On Second Thought
Behold what manner of love the Father has bestowed on us, that we should be called children of God!
1 John 3:1
There are some truths in Scripture that do not merely inform the mind; they steady the heart. The fatherhood of God is one of those truths. John does not whisper it as a minor doctrine. He tells us to stop and look: “Behold what manner of love the Father has bestowed on us.” The word “behold” is an invitation to linger. It is as though John is saying, “Do not rush past this. Do not treat this as ordinary.” The love of God is not distant approval from heaven; it is a bestowed love, a given love, a love placed upon us by the Father’s own will.
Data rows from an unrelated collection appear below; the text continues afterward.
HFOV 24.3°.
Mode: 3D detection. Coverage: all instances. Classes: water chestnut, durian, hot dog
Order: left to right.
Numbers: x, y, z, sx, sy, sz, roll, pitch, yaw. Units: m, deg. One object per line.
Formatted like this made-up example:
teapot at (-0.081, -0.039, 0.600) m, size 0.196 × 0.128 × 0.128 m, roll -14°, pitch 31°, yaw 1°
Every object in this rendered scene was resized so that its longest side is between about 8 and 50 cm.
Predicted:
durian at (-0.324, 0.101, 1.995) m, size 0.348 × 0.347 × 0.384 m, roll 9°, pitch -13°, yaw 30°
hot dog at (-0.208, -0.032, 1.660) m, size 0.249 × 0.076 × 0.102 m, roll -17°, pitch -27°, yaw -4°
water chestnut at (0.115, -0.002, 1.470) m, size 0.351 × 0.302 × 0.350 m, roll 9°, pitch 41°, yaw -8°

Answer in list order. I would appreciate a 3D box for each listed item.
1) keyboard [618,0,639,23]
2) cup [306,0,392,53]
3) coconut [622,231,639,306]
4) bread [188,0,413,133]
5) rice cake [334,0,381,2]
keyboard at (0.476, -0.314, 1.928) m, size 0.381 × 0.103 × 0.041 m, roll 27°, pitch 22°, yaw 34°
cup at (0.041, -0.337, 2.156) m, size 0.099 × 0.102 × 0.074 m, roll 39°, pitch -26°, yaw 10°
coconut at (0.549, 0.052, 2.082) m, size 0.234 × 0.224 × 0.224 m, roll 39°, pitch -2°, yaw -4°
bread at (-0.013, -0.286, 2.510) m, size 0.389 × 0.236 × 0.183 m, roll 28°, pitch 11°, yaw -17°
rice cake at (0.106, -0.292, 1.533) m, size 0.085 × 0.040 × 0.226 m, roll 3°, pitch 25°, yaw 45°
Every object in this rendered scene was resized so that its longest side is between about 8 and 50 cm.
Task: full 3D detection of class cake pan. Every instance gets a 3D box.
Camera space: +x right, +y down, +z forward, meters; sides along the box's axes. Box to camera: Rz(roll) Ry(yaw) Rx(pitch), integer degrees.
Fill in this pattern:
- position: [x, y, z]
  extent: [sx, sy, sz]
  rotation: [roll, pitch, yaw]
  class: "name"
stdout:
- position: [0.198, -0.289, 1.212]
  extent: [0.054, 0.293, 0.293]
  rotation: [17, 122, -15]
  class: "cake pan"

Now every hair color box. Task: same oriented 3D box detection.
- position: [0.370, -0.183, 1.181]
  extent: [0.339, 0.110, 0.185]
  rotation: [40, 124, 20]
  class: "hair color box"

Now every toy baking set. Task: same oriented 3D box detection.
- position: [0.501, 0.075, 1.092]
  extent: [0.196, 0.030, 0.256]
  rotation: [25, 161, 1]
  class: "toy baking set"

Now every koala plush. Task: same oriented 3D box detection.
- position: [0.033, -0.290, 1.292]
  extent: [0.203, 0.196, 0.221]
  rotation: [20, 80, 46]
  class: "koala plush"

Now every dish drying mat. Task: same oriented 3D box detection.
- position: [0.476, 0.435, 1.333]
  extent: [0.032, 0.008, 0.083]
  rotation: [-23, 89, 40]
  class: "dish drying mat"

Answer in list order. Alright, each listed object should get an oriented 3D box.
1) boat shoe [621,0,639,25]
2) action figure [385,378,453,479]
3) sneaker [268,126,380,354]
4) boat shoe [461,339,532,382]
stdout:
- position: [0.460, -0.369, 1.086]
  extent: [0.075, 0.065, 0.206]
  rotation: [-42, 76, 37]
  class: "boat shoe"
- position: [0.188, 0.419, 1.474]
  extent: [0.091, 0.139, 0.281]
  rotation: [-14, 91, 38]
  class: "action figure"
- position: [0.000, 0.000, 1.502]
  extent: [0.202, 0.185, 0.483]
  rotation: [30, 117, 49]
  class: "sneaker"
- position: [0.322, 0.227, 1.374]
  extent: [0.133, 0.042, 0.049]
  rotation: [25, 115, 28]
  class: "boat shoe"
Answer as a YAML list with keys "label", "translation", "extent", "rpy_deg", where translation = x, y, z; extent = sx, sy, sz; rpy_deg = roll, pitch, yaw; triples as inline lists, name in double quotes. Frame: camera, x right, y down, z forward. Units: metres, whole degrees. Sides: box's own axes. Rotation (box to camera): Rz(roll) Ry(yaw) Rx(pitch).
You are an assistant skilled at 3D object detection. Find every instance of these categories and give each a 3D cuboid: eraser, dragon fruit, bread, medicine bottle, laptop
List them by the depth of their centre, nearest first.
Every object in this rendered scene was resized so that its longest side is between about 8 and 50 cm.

J. I. Packer was right to say that if we want to judge how well a person understands Christianity, we should ask how much that person makes of being God’s child and having God as Father. That is an insightful test because Christianity is not first a ladder we climb toward divine acceptance. It is the announcement that through Christ, sinners who were estranged may become sons and daughters in the household of God. The Greek word often connected with this truth is huiothesia, meaning adoption or placement as a son. In Christ, we are not merely forgiven criminals released from guilt; we are welcomed children brought home to the Father’s table.
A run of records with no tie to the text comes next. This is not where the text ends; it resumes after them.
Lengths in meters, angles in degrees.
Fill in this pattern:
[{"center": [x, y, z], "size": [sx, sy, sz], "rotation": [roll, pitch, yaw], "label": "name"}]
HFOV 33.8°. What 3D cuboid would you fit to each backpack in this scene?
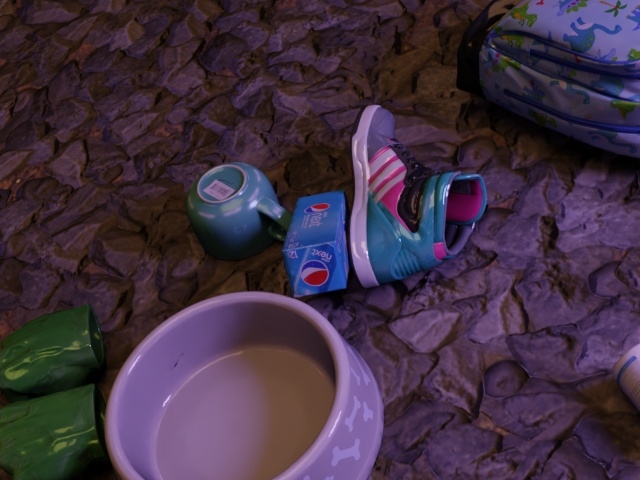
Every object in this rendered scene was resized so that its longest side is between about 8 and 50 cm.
[{"center": [0.405, -0.257, 1.443], "size": [0.290, 0.273, 0.355], "rotation": [-33, 59, -18], "label": "backpack"}]

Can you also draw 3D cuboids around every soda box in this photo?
[{"center": [0.000, 0.000, 1.393], "size": [0.071, 0.067, 0.210], "rotation": [-10, 20, 8], "label": "soda box"}]

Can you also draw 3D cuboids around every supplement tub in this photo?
[{"center": [0.384, 0.170, 1.173], "size": [0.071, 0.071, 0.107], "rotation": [-26, 47, -4], "label": "supplement tub"}]

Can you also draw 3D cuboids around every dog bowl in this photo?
[{"center": [-0.103, 0.210, 1.281], "size": [0.348, 0.102, 0.349], "rotation": [-9, 49, 11], "label": "dog bowl"}]

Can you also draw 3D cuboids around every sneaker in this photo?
[{"center": [0.134, -0.078, 1.435], "size": [0.178, 0.124, 0.296], "rotation": [-9, 55, 17], "label": "sneaker"}]

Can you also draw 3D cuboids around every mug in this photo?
[{"center": [-0.115, -0.053, 1.517], "size": [0.157, 0.097, 0.130], "rotation": [-12, 47, 8], "label": "mug"}]

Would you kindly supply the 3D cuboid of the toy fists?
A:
[{"center": [-0.354, 0.205, 1.375], "size": [0.142, 0.096, 0.279], "rotation": [-15, 44, -2], "label": "toy fists"}]
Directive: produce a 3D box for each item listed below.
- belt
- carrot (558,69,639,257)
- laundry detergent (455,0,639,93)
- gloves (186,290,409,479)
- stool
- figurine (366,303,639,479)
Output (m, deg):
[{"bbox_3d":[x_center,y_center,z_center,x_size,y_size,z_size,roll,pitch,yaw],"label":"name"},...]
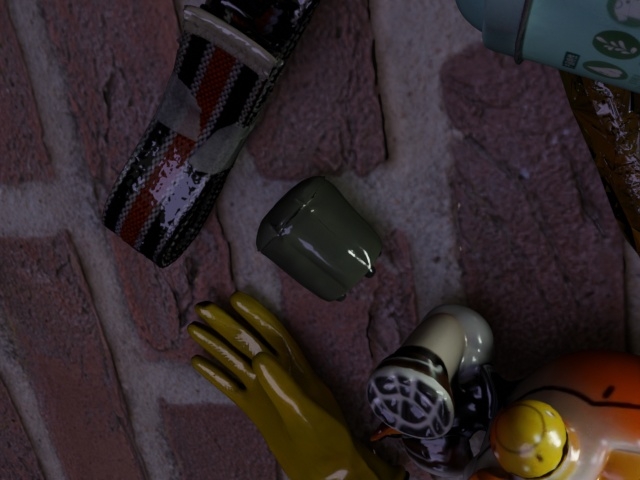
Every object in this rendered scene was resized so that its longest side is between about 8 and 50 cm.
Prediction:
[{"bbox_3d":[-0.108,-0.114,0.739,0.094,0.126,0.359,32,129,-5],"label":"belt"},{"bbox_3d":[0.243,-0.085,0.628,0.069,0.069,0.229,-19,104,30],"label":"carrot"},{"bbox_3d":[0.235,-0.213,0.435,0.305,0.287,0.287,21,121,12],"label":"laundry detergent"},{"bbox_3d":[-0.044,0.185,0.869,0.133,0.116,0.294,-43,87,26],"label":"gloves"},{"bbox_3d":[0.000,0.000,0.757,0.110,0.096,0.096,42,123,-7],"label":"stool"},{"bbox_3d":[0.215,0.181,0.693,0.323,0.196,0.320,22,164,21],"label":"figurine"}]

That changes the way we pray. Jesus taught us to begin with “Our Father,” not because God is casual or common, but because grace has opened the door to holy nearness. The Father who hears in secret is not irritated by the trembling voice of His child. He knows what we need before we ask, yet He still invites us to ask. In Matthew 7:11, Jesus reminds us that even earthly fathers, though imperfect, know how to give good gifts to their children; how much more will our Father in heaven give what is good to those who ask Him? Prayer, then, is not begging at the gate of a reluctant ruler. It is the child’s honest speech before a wise and generous Father.
That also changes the way we face daily provision. In Matthew 6, Jesus speaks directly to anxious hearts. We worry about food, clothing, tomorrow, money, and control because we so easily forget who holds us. Jesus does not shame us for having needs. He teaches us that our Father knows them. Worry drains the soul because it asks us to carry what only God can rule. Faith does not mean we become careless; it means we become childlike enough to trust the Father while doing today’s obedience. The Father who feeds birds and clothes lilies has not forgotten the children redeemed by the blood of His Son.
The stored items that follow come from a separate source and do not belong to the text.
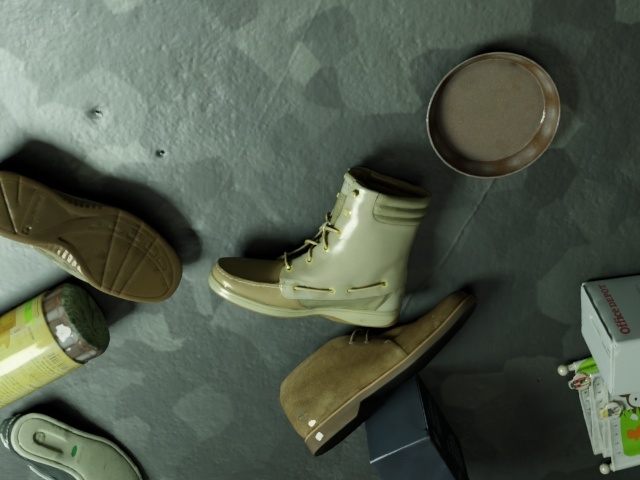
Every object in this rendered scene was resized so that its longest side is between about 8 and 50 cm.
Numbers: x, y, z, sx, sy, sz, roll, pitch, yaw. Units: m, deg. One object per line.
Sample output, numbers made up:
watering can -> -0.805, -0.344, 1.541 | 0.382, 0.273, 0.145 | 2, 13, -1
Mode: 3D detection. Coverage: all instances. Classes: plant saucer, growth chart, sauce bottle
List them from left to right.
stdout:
sauce bottle -> -0.449, 0.176, 1.527 | 0.344, 0.111, 0.111 | -28, 116, 9
plant saucer -> 0.215, -0.159, 1.446 | 0.168, 0.029, 0.169 | -2, 119, -3
growth chart -> 0.457, 0.242, 1.683 | 0.171, 0.021, 0.237 | -22, 118, 6

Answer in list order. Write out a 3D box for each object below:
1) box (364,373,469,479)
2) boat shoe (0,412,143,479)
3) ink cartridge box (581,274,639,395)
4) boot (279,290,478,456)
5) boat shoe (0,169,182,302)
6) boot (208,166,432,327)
box -> 0.135, 0.295, 1.610 | 0.093, 0.156, 0.158 | -26, 117, 10
boat shoe -> -0.349, 0.313, 1.641 | 0.233, 0.084, 0.079 | 38, 147, -28
ink cartridge box -> 0.468, 0.116, 1.540 | 0.212, 0.154, 0.093 | -6, 120, -2
boot -> 0.076, 0.151, 1.562 | 0.305, 0.112, 0.115 | -39, 71, 0
boat shoe -> -0.306, -0.011, 1.463 | 0.285, 0.089, 0.105 | 30, 86, -21
boot -> 0.000, 0.000, 1.476 | 0.261, 0.095, 0.204 | 9, 117, -11

Yet Scripture also tells us that fatherly love includes discipline. Hebrews 12:7–11 may not be the passage we first run to when we want comfort, but it is one of the great assurances of belonging. “If ye endure chastening, God dealeth with you as with sons.” The word translated discipline carries the idea of training, correction, and formation. God’s discipline is not divine rejection. It is evidence that He has not abandoned us to spiritual deformity. A careless parent may ignore destructive behavior, but a loving father corrects because he sees what the child is becoming. The pain of correction is real, but the purpose is healing: “that we might be partakers of his holiness.”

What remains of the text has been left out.